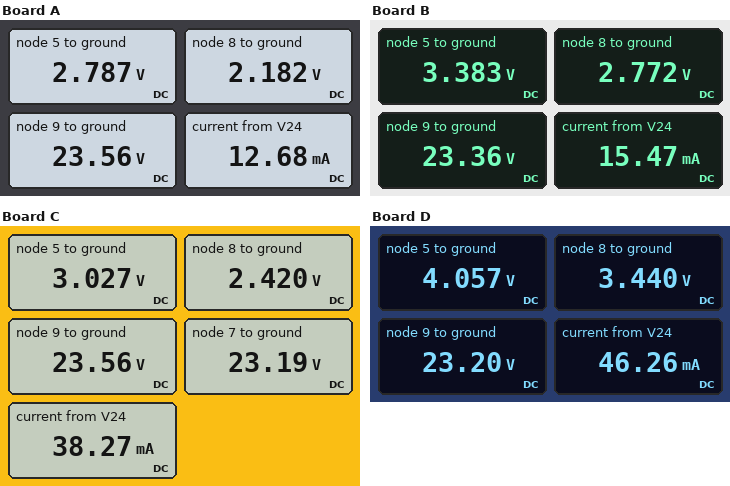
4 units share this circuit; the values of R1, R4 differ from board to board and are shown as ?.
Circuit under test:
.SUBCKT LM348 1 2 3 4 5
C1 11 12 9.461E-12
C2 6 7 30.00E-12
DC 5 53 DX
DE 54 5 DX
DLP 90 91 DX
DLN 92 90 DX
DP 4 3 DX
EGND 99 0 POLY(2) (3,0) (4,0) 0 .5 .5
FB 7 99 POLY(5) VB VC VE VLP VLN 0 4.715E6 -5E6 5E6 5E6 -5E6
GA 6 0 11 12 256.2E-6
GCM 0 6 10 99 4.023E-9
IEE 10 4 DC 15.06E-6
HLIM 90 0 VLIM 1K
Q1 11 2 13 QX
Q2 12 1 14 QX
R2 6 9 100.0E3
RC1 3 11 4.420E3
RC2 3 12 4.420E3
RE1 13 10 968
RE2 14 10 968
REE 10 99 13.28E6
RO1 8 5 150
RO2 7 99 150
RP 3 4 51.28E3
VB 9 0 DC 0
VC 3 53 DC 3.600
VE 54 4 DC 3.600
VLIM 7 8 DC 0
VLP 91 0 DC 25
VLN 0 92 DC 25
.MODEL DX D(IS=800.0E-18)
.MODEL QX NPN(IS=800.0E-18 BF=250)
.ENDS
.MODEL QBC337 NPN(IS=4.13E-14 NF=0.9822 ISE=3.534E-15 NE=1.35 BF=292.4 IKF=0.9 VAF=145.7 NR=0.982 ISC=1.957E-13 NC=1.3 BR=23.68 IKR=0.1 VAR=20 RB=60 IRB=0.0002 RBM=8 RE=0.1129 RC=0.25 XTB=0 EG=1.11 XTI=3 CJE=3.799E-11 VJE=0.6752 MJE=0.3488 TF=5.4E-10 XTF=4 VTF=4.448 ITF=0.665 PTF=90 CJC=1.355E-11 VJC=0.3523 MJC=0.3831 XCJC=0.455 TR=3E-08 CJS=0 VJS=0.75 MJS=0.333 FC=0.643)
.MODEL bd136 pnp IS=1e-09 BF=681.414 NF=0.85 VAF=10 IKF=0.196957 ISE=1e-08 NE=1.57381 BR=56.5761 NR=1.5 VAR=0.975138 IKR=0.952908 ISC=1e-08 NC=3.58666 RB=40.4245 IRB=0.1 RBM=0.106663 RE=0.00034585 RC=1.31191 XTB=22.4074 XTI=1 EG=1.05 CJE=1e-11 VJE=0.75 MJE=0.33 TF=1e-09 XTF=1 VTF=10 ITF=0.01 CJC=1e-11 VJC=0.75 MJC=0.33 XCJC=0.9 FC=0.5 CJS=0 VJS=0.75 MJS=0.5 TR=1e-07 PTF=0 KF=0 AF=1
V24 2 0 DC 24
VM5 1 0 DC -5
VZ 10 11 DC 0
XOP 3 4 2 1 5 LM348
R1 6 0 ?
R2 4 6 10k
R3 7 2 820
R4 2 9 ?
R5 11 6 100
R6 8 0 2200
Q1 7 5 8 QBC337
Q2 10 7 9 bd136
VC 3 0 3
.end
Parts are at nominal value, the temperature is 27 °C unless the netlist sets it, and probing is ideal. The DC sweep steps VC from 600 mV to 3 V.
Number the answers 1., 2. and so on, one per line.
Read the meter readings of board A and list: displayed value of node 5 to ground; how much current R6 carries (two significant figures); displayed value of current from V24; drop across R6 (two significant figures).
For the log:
◆ ◆ ◆ ◆
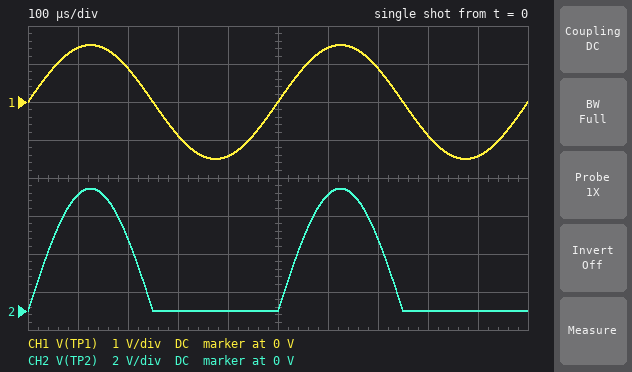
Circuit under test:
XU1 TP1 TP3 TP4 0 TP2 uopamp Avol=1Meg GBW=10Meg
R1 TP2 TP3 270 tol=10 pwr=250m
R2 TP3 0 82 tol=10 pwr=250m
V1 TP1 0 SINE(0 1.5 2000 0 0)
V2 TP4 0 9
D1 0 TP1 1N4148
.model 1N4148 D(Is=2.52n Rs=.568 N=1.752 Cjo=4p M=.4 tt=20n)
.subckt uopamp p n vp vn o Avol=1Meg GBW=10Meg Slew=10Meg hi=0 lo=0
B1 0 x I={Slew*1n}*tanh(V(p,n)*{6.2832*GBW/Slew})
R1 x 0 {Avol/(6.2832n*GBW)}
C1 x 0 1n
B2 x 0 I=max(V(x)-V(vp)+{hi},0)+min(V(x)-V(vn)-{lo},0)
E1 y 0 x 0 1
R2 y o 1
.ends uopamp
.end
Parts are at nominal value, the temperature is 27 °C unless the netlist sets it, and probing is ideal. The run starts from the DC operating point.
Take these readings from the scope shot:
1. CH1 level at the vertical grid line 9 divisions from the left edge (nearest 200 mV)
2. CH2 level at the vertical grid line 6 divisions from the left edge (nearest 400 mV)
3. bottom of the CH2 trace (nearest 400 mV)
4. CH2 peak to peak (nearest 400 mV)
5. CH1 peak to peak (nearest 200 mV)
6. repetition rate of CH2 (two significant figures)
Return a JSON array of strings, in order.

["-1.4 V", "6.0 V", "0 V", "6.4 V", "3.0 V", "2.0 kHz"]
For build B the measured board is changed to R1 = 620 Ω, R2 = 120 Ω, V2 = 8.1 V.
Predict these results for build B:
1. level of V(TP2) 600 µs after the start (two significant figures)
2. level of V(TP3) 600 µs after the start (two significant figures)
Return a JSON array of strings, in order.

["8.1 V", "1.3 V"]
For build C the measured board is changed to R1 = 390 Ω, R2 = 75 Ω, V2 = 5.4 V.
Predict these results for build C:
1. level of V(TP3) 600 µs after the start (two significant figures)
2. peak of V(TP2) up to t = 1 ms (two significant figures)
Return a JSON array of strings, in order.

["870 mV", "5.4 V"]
◆ ◆ ◆ ◆
Prompt: Extract every line from the records above that contains the word "probing".

Your solution:
Parts are at nominal value, the temperature is 27 °C unless the netlist sets it, and probing is ideal. The DC sweep steps VC from 600 mV to 3 V.
Parts are at nominal value, the temperature is 27 °C unless the netlist sets it, and probing is ideal. The run starts from the DC operating point.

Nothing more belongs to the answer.